**Task item:**
Below is a listing; write it out exactly and drop any images from it.

**Data:**
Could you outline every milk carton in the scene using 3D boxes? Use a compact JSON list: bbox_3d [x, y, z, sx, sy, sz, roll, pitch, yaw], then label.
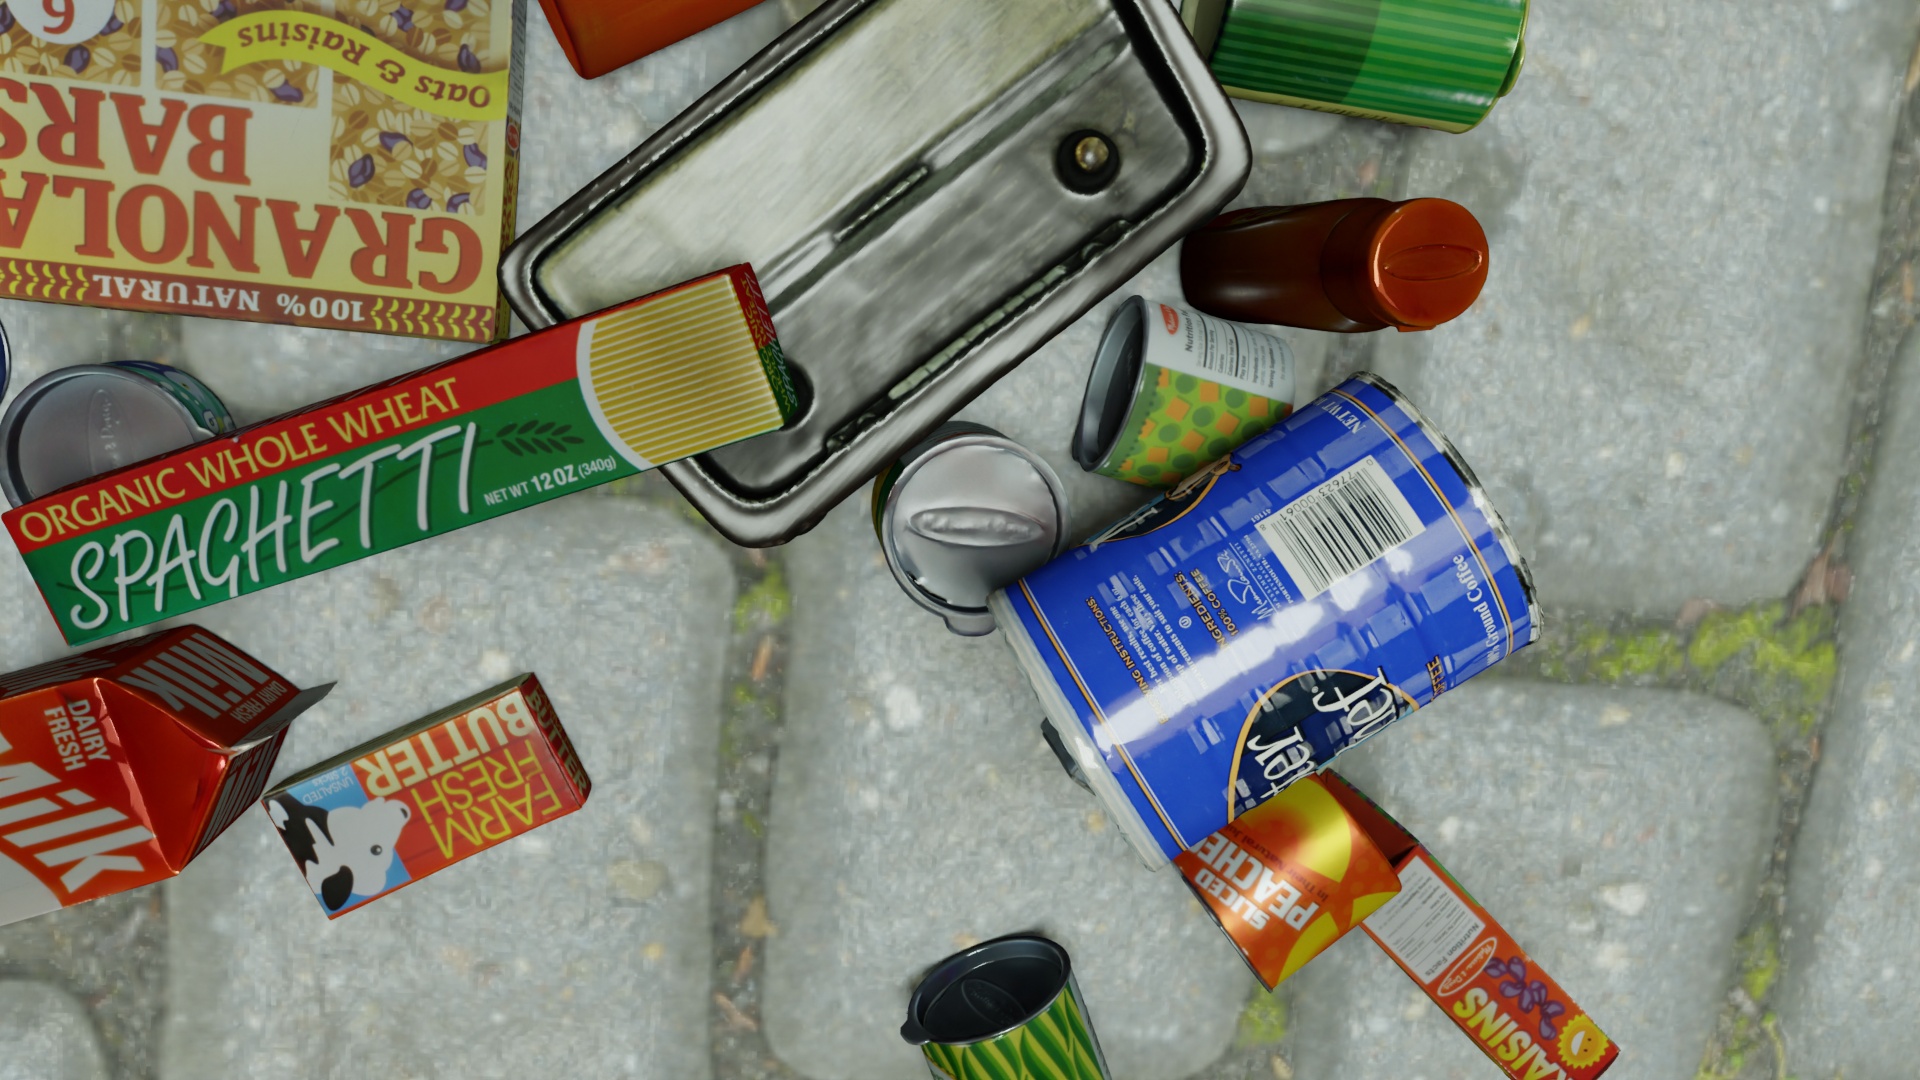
[{"bbox_3d":[-0.316,0.083,0.471,0.191,0.072,0.073,-15,101,-5],"label":"milk carton"}]

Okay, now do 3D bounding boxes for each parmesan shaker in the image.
[{"bbox_3d":[0.135,-0.182,0.485,0.103,0.071,0.071,6,99,-9],"label":"parmesan shaker"}]

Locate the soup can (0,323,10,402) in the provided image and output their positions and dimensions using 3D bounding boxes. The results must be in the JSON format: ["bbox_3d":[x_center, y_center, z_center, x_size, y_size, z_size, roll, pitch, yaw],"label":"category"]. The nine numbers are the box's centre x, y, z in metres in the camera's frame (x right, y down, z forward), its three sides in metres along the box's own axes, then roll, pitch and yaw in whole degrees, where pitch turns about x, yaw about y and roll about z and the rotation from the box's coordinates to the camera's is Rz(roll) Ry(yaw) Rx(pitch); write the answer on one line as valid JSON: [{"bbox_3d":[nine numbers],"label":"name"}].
[{"bbox_3d":[-0.356,-0.053,0.436,0.071,0.084,0.071,-1,101,-7],"label":"soup can"}]

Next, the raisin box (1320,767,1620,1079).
[{"bbox_3d":[0.186,0.155,0.545,0.040,0.086,0.123,-46,102,1],"label":"raisin box"}]

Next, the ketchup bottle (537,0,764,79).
[{"bbox_3d":[-0.070,-0.208,0.461,0.149,0.064,0.043,-28,76,-10],"label":"ketchup bottle"}]

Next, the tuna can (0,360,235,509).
[{"bbox_3d":[-0.284,-0.029,0.476,0.071,0.033,0.071,-1,100,-7],"label":"tuna can"}]

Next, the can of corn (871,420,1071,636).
[{"bbox_3d":[0.002,-0.006,0.505,0.071,0.058,0.071,-1,100,-8],"label":"can of corn"}]

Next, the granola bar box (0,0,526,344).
[{"bbox_3d":[-0.234,-0.135,0.461,0.166,0.039,0.124,5,99,-9],"label":"granola bar box"}]

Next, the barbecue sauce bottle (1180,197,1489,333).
[{"bbox_3d":[0.122,-0.091,0.460,0.065,0.149,0.043,-5,102,-6],"label":"barbecue sauce bottle"}]

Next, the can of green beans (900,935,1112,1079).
[{"bbox_3d":[0.020,0.197,0.540,0.071,0.071,0.057,-20,103,-4],"label":"can of green beans"}]

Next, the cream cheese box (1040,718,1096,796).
[{"bbox_3d":[0.075,0.047,0.527,0.024,0.053,0.103,37,94,-14],"label":"cream cheese box"}]

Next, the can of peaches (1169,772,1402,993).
[{"bbox_3d":[0.108,0.110,0.477,0.058,0.071,0.071,-37,103,0],"label":"can of peaches"}]

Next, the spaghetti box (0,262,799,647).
[{"bbox_3d":[-0.176,-0.025,0.435,0.250,0.029,0.050,-17,105,7],"label":"spaghetti box"}]

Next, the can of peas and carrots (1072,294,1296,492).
[{"bbox_3d":[0.080,-0.048,0.506,0.059,0.071,0.071,14,98,-10],"label":"can of peas and carrots"}]

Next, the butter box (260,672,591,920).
[{"bbox_3d":[-0.196,0.094,0.514,0.103,0.024,0.053,-24,102,-3],"label":"butter box"}]
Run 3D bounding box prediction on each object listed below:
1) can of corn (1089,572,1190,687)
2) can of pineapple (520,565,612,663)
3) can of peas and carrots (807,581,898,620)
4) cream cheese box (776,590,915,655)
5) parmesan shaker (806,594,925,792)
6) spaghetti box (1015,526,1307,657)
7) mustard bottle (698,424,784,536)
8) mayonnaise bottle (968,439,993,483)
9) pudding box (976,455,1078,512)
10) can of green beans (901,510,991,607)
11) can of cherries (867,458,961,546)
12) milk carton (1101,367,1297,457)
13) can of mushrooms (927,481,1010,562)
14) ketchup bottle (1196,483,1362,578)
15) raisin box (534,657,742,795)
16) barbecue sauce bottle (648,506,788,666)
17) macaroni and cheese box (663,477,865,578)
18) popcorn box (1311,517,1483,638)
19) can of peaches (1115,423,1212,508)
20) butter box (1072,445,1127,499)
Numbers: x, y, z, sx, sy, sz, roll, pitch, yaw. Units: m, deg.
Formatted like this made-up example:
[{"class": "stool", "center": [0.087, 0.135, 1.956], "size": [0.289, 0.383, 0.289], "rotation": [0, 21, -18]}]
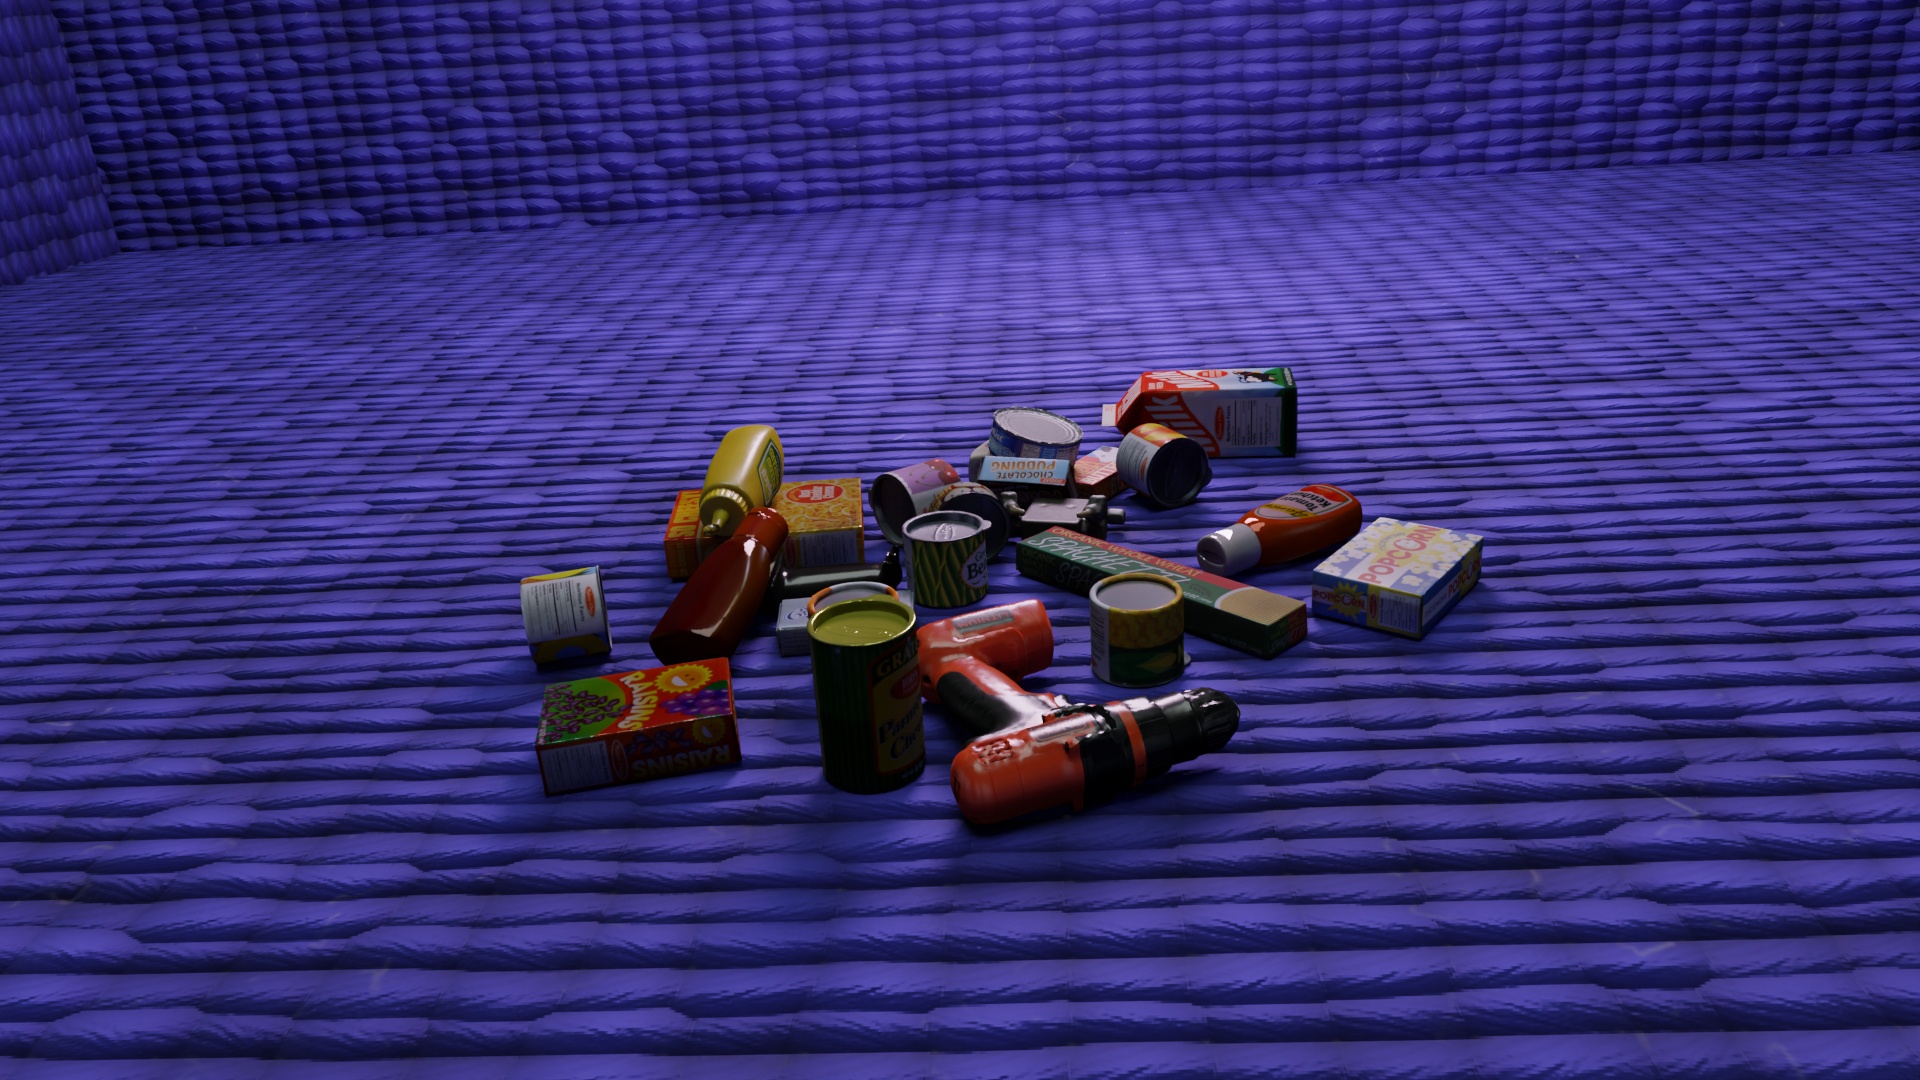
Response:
[{"class": "can of corn", "center": [0.126, 0.061, 0.970], "size": [0.071, 0.058, 0.071], "rotation": [-3, 22, 2]}, {"class": "can of pineapple", "center": [-0.296, 0.057, 1.046], "size": [0.058, 0.070, 0.071], "rotation": [-9, 22, -13]}, {"class": "can of peas and carrots", "center": [-0.074, 0.069, 0.984], "size": [0.071, 0.058, 0.071], "rotation": [-4, 22, 2]}, {"class": "cream cheese box", "center": [-0.086, 0.062, 1.049], "size": [0.104, 0.024, 0.053], "rotation": [-4, 22, -1]}, {"class": "parmesan shaker", "center": [-0.056, 0.094, 0.861], "size": [0.071, 0.102, 0.071], "rotation": [-3, 22, 2]}, {"class": "spaghetti box", "center": [0.147, 0.035, 1.070], "size": [0.050, 0.028, 0.250], "rotation": [-22, 28, -39]}, {"class": "mustard bottle", "center": [-0.188, -0.043, 1.170], "size": [0.049, 0.065, 0.161], "rotation": [-4, 29, 9]}, {"class": "mayonnaise bottle", "center": [0.053, -0.090, 1.375], "size": [0.065, 0.041, 0.149], "rotation": [8, 25, 13]}, {"class": "pudding box", "center": [0.061, -0.049, 1.257], "size": [0.084, 0.049, 0.030], "rotation": [5, 57, 18]}, {"class": "can of green beans", "center": [-0.012, 0.015, 1.108], "size": [0.071, 0.057, 0.071], "rotation": [-3, 22, 1]}, {"class": "can of cherries", "center": [-0.038, -0.036, 1.223], "size": [0.058, 0.071, 0.071], "rotation": [-20, 27, -34]}, {"class": "milk carton", "center": [0.238, -0.128, 1.397], "size": [0.190, 0.073, 0.072], "rotation": [-1, 22, 8]}, {"class": "can of mushrooms", "center": [0.004, -0.015, 1.164], "size": [0.071, 0.070, 0.033], "rotation": [-8, 21, -10]}, {"class": "ketchup bottle", "center": [0.258, -0.006, 1.134], "size": [0.149, 0.043, 0.065], "rotation": [-19, 27, -32]}, {"class": "raisin box", "center": [-0.209, 0.120, 0.909], "size": [0.123, 0.040, 0.086], "rotation": [-9, 22, -9]}, {"class": "barbecue sauce bottle", "center": [-0.175, 0.034, 1.050], "size": [0.065, 0.043, 0.149], "rotation": [-3, 39, 26]}, {"class": "macaroni and cheese box", "center": [-0.169, -0.012, 1.223], "size": [0.167, 0.040, 0.124], "rotation": [-5, 23, -3]}, {"class": "popcorn box", "center": [0.331, 0.026, 1.049], "size": [0.085, 0.038, 0.127], "rotation": [13, 28, 37]}, {"class": "can of peaches", "center": [0.186, -0.069, 1.272], "size": [0.071, 0.071, 0.058], "rotation": [-13, 23, -21]}, {"class": "butter box", "center": [0.131, -0.061, 1.316], "size": [0.053, 0.024, 0.104], "rotation": [11, 26, 34]}]

**Task solution:**
Could you outline every milk carton in the scene using 3D boxes? Use a compact JSON list: bbox_3d [x, y, z, sx, sy, sz, roll, pitch, yaw], then label.
[{"bbox_3d":[-0.316,0.083,0.471,0.191,0.072,0.073,-15,101,-5],"label":"milk carton"}]

Okay, now do 3D bounding boxes for each parmesan shaker in the image.
[{"bbox_3d":[0.135,-0.182,0.485,0.103,0.071,0.071,6,99,-9],"label":"parmesan shaker"}]

Locate the soup can (0,323,10,402) in the provided image and output their positions and dimensions using 3D bounding boxes. The results must be in the JSON format: ["bbox_3d":[x_center, y_center, z_center, x_size, y_size, z_size, roll, pitch, yaw],"label":"category"]. The nine numbers are the box's centre x, y, z in metres in the camera's frame (x right, y down, z forward), its three sides in metres along the box's own axes, then roll, pitch and yaw in whole degrees, where pitch turns about x, yaw about y and roll about z and the rotation from the box's coordinates to the camera's is Rz(roll) Ry(yaw) Rx(pitch); write the answer on one line as valid JSON: [{"bbox_3d":[nine numbers],"label":"name"}].
[{"bbox_3d":[-0.356,-0.053,0.436,0.071,0.084,0.071,-1,101,-7],"label":"soup can"}]

Next, the raisin box (1320,767,1620,1079).
[{"bbox_3d":[0.186,0.155,0.545,0.040,0.086,0.123,-46,102,1],"label":"raisin box"}]

Next, the ketchup bottle (537,0,764,79).
[{"bbox_3d":[-0.070,-0.208,0.461,0.149,0.064,0.043,-28,76,-10],"label":"ketchup bottle"}]

Next, the tuna can (0,360,235,509).
[{"bbox_3d":[-0.284,-0.029,0.476,0.071,0.033,0.071,-1,100,-7],"label":"tuna can"}]

Next, the can of corn (871,420,1071,636).
[{"bbox_3d":[0.002,-0.006,0.505,0.071,0.058,0.071,-1,100,-8],"label":"can of corn"}]

Next, the granola bar box (0,0,526,344).
[{"bbox_3d":[-0.234,-0.135,0.461,0.166,0.039,0.124,5,99,-9],"label":"granola bar box"}]

Next, the barbecue sauce bottle (1180,197,1489,333).
[{"bbox_3d":[0.122,-0.091,0.460,0.065,0.149,0.043,-5,102,-6],"label":"barbecue sauce bottle"}]

Next, the can of green beans (900,935,1112,1079).
[{"bbox_3d":[0.020,0.197,0.540,0.071,0.071,0.057,-20,103,-4],"label":"can of green beans"}]

Next, the cream cheese box (1040,718,1096,796).
[{"bbox_3d":[0.075,0.047,0.527,0.024,0.053,0.103,37,94,-14],"label":"cream cheese box"}]

Next, the can of peaches (1169,772,1402,993).
[{"bbox_3d":[0.108,0.110,0.477,0.058,0.071,0.071,-37,103,0],"label":"can of peaches"}]

Next, the spaghetti box (0,262,799,647).
[{"bbox_3d":[-0.176,-0.025,0.435,0.250,0.029,0.050,-17,105,7],"label":"spaghetti box"}]

Next, the can of peas and carrots (1072,294,1296,492).
[{"bbox_3d":[0.080,-0.048,0.506,0.059,0.071,0.071,14,98,-10],"label":"can of peas and carrots"}]

Next, the butter box (260,672,591,920).
[{"bbox_3d":[-0.196,0.094,0.514,0.103,0.024,0.053,-24,102,-3],"label":"butter box"}]
Run 3D bounding box prediction on each object listed below:
1) can of corn (1089,572,1190,687)
2) can of pineapple (520,565,612,663)
3) can of peas and carrots (807,581,898,620)
4) cream cheese box (776,590,915,655)
5) parmesan shaker (806,594,925,792)
6) spaghetti box (1015,526,1307,657)
7) mustard bottle (698,424,784,536)
8) mayonnaise bottle (968,439,993,483)
9) pudding box (976,455,1078,512)
10) can of green beans (901,510,991,607)
11) can of cherries (867,458,961,546)
12) milk carton (1101,367,1297,457)
13) can of mushrooms (927,481,1010,562)
14) ketchup bottle (1196,483,1362,578)
15) raisin box (534,657,742,795)
16) barbecue sauce bottle (648,506,788,666)
17) macaroni and cheese box (663,477,865,578)
18) popcorn box (1311,517,1483,638)
19) can of peaches (1115,423,1212,508)
20) butter box (1072,445,1127,499)
Numbers: x, y, z, sx, sy, sz, roll, pitch, yaw. Units: m, deg.
Formatted like this made-up example:
[{"class": "stool", "center": [0.087, 0.135, 1.956], "size": [0.289, 0.383, 0.289], "rotation": [0, 21, -18]}]
Response:
[{"class": "can of corn", "center": [0.126, 0.061, 0.970], "size": [0.071, 0.058, 0.071], "rotation": [-3, 22, 2]}, {"class": "can of pineapple", "center": [-0.296, 0.057, 1.046], "size": [0.058, 0.070, 0.071], "rotation": [-9, 22, -13]}, {"class": "can of peas and carrots", "center": [-0.074, 0.069, 0.984], "size": [0.071, 0.058, 0.071], "rotation": [-4, 22, 2]}, {"class": "cream cheese box", "center": [-0.086, 0.062, 1.049], "size": [0.104, 0.024, 0.053], "rotation": [-4, 22, -1]}, {"class": "parmesan shaker", "center": [-0.056, 0.094, 0.861], "size": [0.071, 0.102, 0.071], "rotation": [-3, 22, 2]}, {"class": "spaghetti box", "center": [0.147, 0.035, 1.070], "size": [0.050, 0.028, 0.250], "rotation": [-22, 28, -39]}, {"class": "mustard bottle", "center": [-0.188, -0.043, 1.170], "size": [0.049, 0.065, 0.161], "rotation": [-4, 29, 9]}, {"class": "mayonnaise bottle", "center": [0.053, -0.090, 1.375], "size": [0.065, 0.041, 0.149], "rotation": [8, 25, 13]}, {"class": "pudding box", "center": [0.061, -0.049, 1.257], "size": [0.084, 0.049, 0.030], "rotation": [5, 57, 18]}, {"class": "can of green beans", "center": [-0.012, 0.015, 1.108], "size": [0.071, 0.057, 0.071], "rotation": [-3, 22, 1]}, {"class": "can of cherries", "center": [-0.038, -0.036, 1.223], "size": [0.058, 0.071, 0.071], "rotation": [-20, 27, -34]}, {"class": "milk carton", "center": [0.238, -0.128, 1.397], "size": [0.190, 0.073, 0.072], "rotation": [-1, 22, 8]}, {"class": "can of mushrooms", "center": [0.004, -0.015, 1.164], "size": [0.071, 0.070, 0.033], "rotation": [-8, 21, -10]}, {"class": "ketchup bottle", "center": [0.258, -0.006, 1.134], "size": [0.149, 0.043, 0.065], "rotation": [-19, 27, -32]}, {"class": "raisin box", "center": [-0.209, 0.120, 0.909], "size": [0.123, 0.040, 0.086], "rotation": [-9, 22, -9]}, {"class": "barbecue sauce bottle", "center": [-0.175, 0.034, 1.050], "size": [0.065, 0.043, 0.149], "rotation": [-3, 39, 26]}, {"class": "macaroni and cheese box", "center": [-0.169, -0.012, 1.223], "size": [0.167, 0.040, 0.124], "rotation": [-5, 23, -3]}, {"class": "popcorn box", "center": [0.331, 0.026, 1.049], "size": [0.085, 0.038, 0.127], "rotation": [13, 28, 37]}, {"class": "can of peaches", "center": [0.186, -0.069, 1.272], "size": [0.071, 0.071, 0.058], "rotation": [-13, 23, -21]}, {"class": "butter box", "center": [0.131, -0.061, 1.316], "size": [0.053, 0.024, 0.104], "rotation": [11, 26, 34]}]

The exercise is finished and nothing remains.